[Material provided]
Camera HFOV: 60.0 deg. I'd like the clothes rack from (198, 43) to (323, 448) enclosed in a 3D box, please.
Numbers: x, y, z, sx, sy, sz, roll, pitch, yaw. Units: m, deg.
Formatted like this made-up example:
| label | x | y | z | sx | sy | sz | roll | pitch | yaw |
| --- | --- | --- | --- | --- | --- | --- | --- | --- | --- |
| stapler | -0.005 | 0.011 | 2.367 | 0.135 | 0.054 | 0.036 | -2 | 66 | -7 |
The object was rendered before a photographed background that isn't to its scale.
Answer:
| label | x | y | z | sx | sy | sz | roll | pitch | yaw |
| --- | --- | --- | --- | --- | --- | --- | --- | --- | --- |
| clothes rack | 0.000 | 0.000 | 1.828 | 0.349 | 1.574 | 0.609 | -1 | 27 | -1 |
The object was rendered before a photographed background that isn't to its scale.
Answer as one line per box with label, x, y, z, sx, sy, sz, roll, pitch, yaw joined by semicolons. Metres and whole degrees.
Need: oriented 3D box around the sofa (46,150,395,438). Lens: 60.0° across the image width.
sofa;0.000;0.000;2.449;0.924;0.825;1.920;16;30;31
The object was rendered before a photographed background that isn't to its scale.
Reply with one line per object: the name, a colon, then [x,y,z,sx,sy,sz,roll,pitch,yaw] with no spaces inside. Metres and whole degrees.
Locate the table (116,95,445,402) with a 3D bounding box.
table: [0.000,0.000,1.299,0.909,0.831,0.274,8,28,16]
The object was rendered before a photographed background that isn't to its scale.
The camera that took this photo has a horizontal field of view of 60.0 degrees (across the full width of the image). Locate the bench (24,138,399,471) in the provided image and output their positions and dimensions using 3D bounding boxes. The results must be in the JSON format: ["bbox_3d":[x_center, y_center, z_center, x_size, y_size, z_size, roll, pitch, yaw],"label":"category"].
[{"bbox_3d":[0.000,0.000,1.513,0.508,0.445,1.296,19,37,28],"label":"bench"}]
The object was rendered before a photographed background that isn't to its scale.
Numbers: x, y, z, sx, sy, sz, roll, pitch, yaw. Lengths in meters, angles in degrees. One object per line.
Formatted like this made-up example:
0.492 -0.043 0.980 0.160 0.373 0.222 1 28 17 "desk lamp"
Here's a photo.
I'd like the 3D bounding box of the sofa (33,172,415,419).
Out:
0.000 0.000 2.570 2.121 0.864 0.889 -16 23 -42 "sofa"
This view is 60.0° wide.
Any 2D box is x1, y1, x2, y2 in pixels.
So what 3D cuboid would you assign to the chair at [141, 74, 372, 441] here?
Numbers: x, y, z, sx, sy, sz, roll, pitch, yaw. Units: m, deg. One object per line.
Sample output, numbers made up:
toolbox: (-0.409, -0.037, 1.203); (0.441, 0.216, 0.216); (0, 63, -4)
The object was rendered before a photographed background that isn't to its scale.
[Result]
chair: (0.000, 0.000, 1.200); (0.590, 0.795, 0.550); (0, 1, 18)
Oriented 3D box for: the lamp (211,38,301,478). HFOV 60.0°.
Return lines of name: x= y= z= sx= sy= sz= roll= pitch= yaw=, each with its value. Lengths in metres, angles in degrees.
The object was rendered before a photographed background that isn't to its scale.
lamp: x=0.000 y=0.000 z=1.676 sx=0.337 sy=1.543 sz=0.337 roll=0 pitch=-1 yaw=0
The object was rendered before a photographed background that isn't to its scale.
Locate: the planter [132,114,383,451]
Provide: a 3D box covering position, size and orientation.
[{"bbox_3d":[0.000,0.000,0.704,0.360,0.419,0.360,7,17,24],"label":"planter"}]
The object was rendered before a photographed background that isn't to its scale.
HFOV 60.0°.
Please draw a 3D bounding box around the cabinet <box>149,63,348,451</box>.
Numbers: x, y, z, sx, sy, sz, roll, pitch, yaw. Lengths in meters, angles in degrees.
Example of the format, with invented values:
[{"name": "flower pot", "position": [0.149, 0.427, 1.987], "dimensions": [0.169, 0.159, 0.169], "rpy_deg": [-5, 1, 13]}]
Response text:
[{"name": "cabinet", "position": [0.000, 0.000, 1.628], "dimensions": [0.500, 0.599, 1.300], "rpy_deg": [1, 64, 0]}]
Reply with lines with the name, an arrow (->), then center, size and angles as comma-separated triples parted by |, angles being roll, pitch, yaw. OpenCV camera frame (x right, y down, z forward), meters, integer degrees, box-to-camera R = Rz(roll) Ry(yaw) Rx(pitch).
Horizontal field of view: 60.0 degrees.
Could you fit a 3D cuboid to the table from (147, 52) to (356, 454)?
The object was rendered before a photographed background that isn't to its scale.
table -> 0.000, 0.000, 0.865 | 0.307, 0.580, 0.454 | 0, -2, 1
[/Material provided]
* Task objective:
Tally the lines in the records above that contain the word "Lengths", and give only that number.

* Response to the task:
3